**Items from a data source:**
——————————

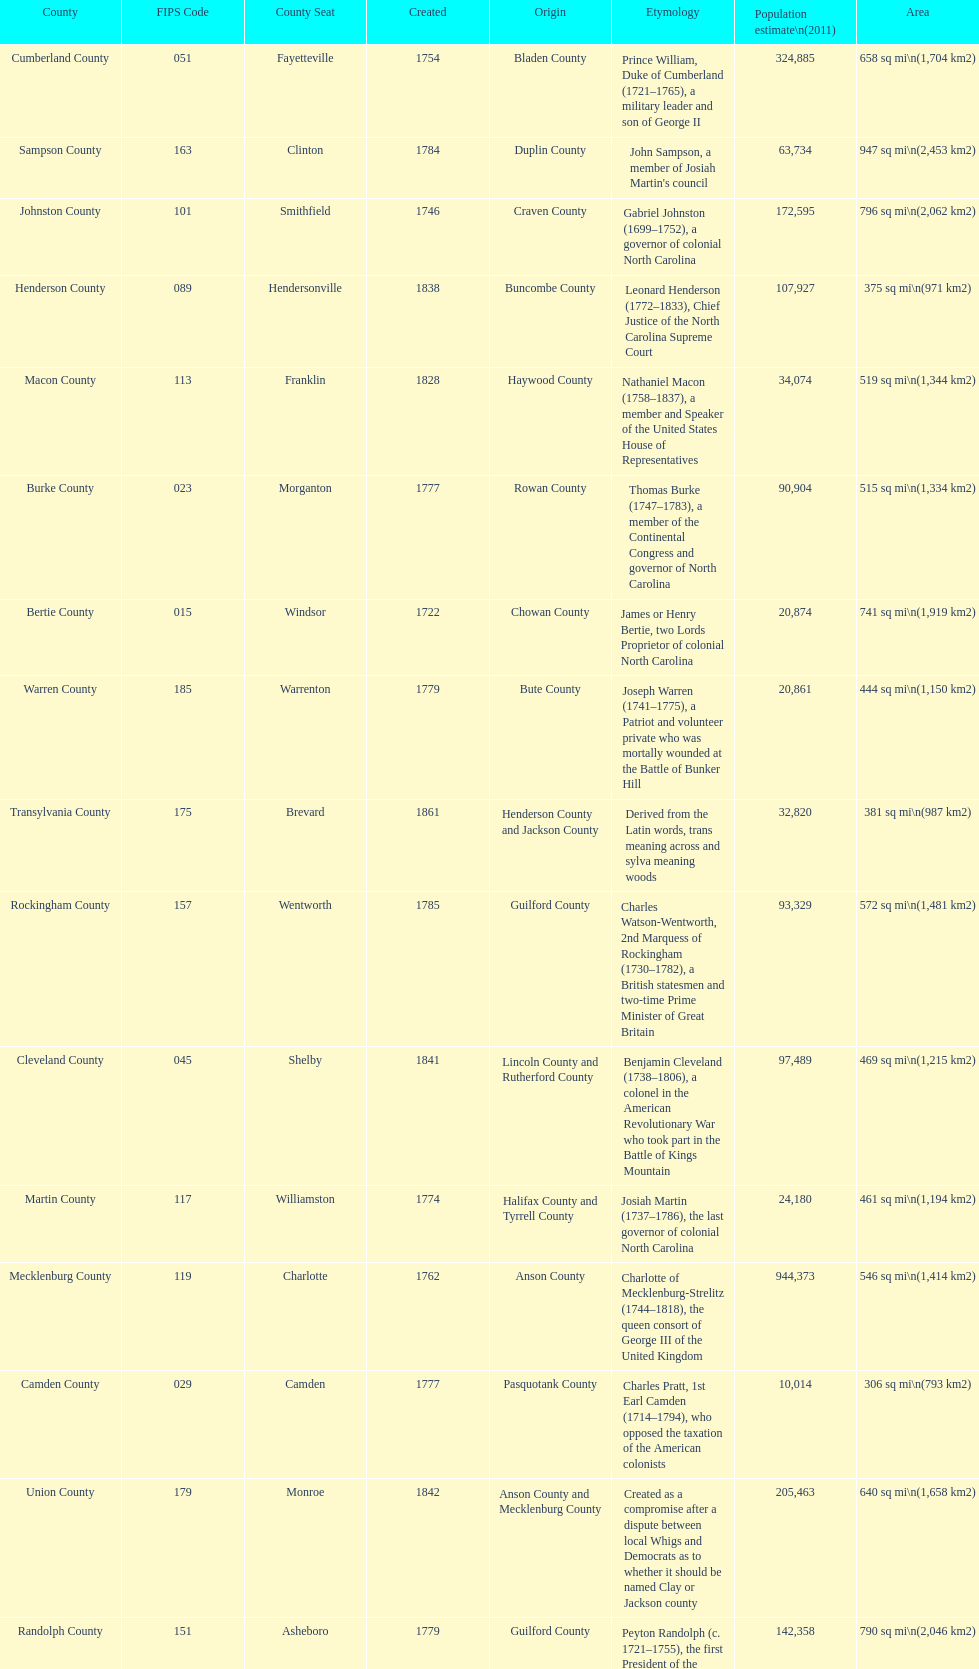Which county covers the most area? Dare County. 
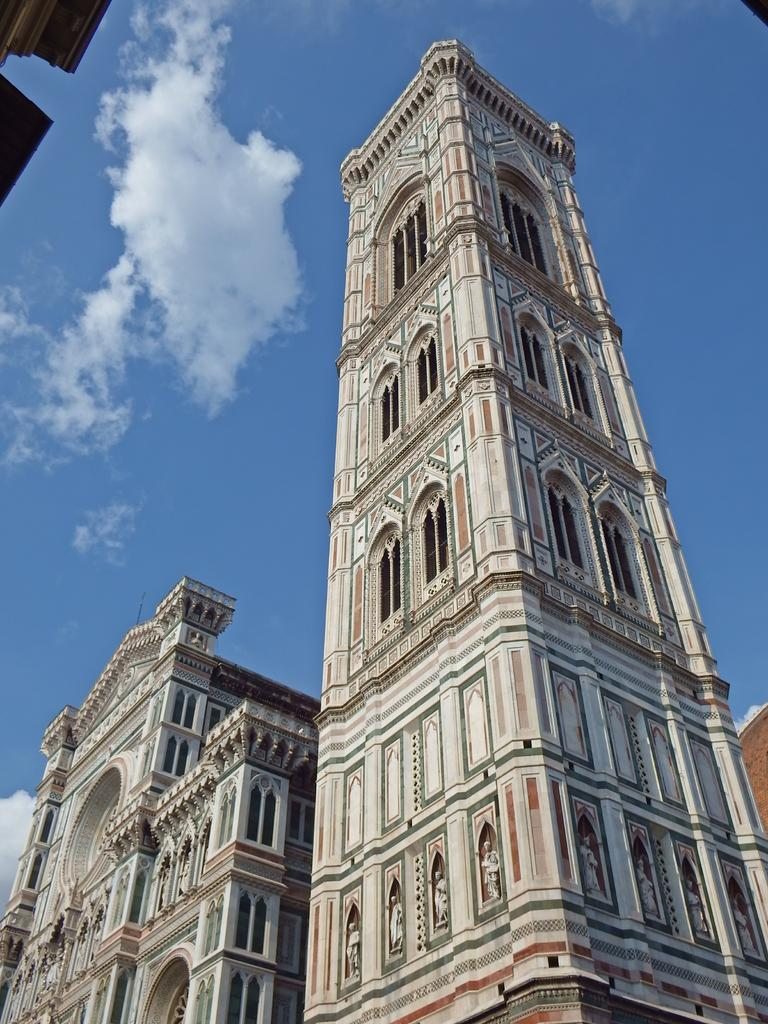What type of view is shown in the image? The image is an outside view. What structures can be seen in the image? There are buildings in the image. What feature do the buildings have? The buildings have windows. What is visible at the top of the image? The sky is visible at the top of the image. What can be observed in the sky? Clouds are present in the sky. What color is the pear hanging from the wrist of the person in the image? There is no person or pear present in the image. 
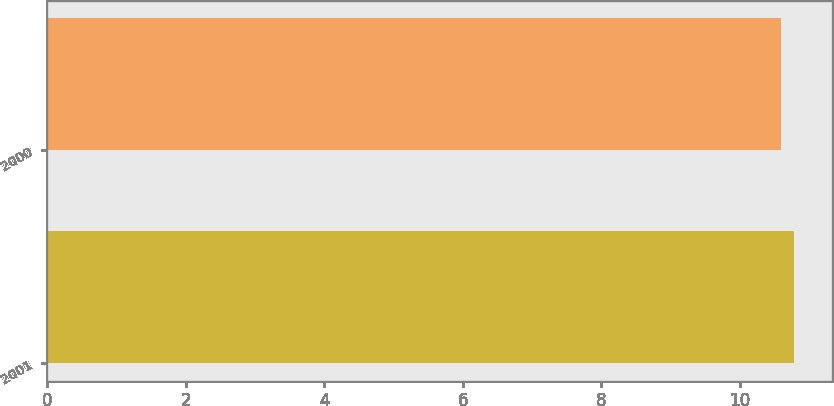<chart> <loc_0><loc_0><loc_500><loc_500><bar_chart><fcel>2001<fcel>2000<nl><fcel>10.79<fcel>10.59<nl></chart> 
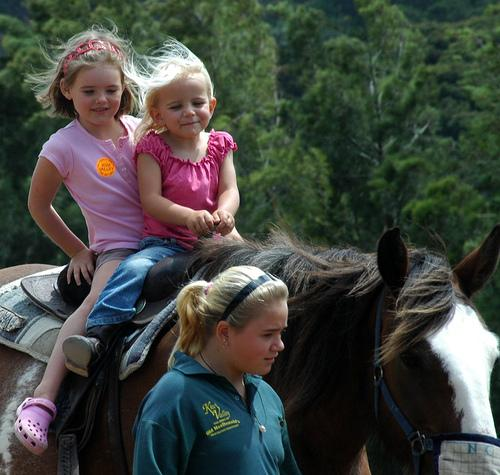What color is the person who is responsible for the safety of the two girls on horseback wearing?

Choices:
A) teal
B) black
C) pink
D) blue teal 
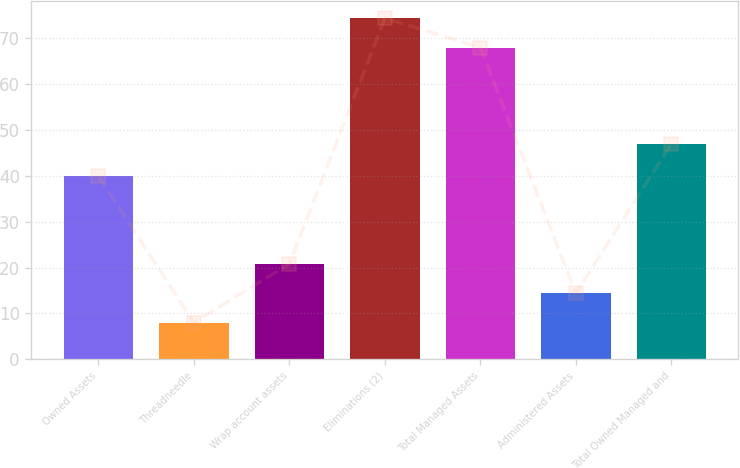<chart> <loc_0><loc_0><loc_500><loc_500><bar_chart><fcel>Owned Assets<fcel>Threadneedle<fcel>Wrap account assets<fcel>Eliminations (2)<fcel>Total Managed Assets<fcel>Administered Assets<fcel>Total Owned Managed and<nl><fcel>40<fcel>8<fcel>20.8<fcel>74.4<fcel>68<fcel>14.4<fcel>47<nl></chart>

——————————

**Required action:** Transcribe every record above in full. Pictures stay out of the copy.

**Solved exercise:**
Which county covers the most area? Dare County. 
What type of view is shown in the image? The image is an outside view. What structures can be seen in the image? There are buildings in the image. What feature do the buildings have? The buildings have windows. What is visible at the top of the image? The sky is visible at the top of the image. What can be observed in the sky? Clouds are present in the sky. What color is the pear hanging from the wrist of the person in the image? There is no person or pear present in the image. 
<chart> <loc_0><loc_0><loc_500><loc_500><bar_chart><fcel>2001<fcel>2000<nl><fcel>10.79<fcel>10.59<nl></chart> 
What color is the person who is responsible for the safety of the two girls on horseback wearing?

Choices:
A) teal
B) black
C) pink
D) blue teal 
<chart> <loc_0><loc_0><loc_500><loc_500><bar_chart><fcel>Owned Assets<fcel>Threadneedle<fcel>Wrap account assets<fcel>Eliminations (2)<fcel>Total Managed Assets<fcel>Administered Assets<fcel>Total Owned Managed and<nl><fcel>40<fcel>8<fcel>20.8<fcel>74.4<fcel>68<fcel>14.4<fcel>47<nl></chart>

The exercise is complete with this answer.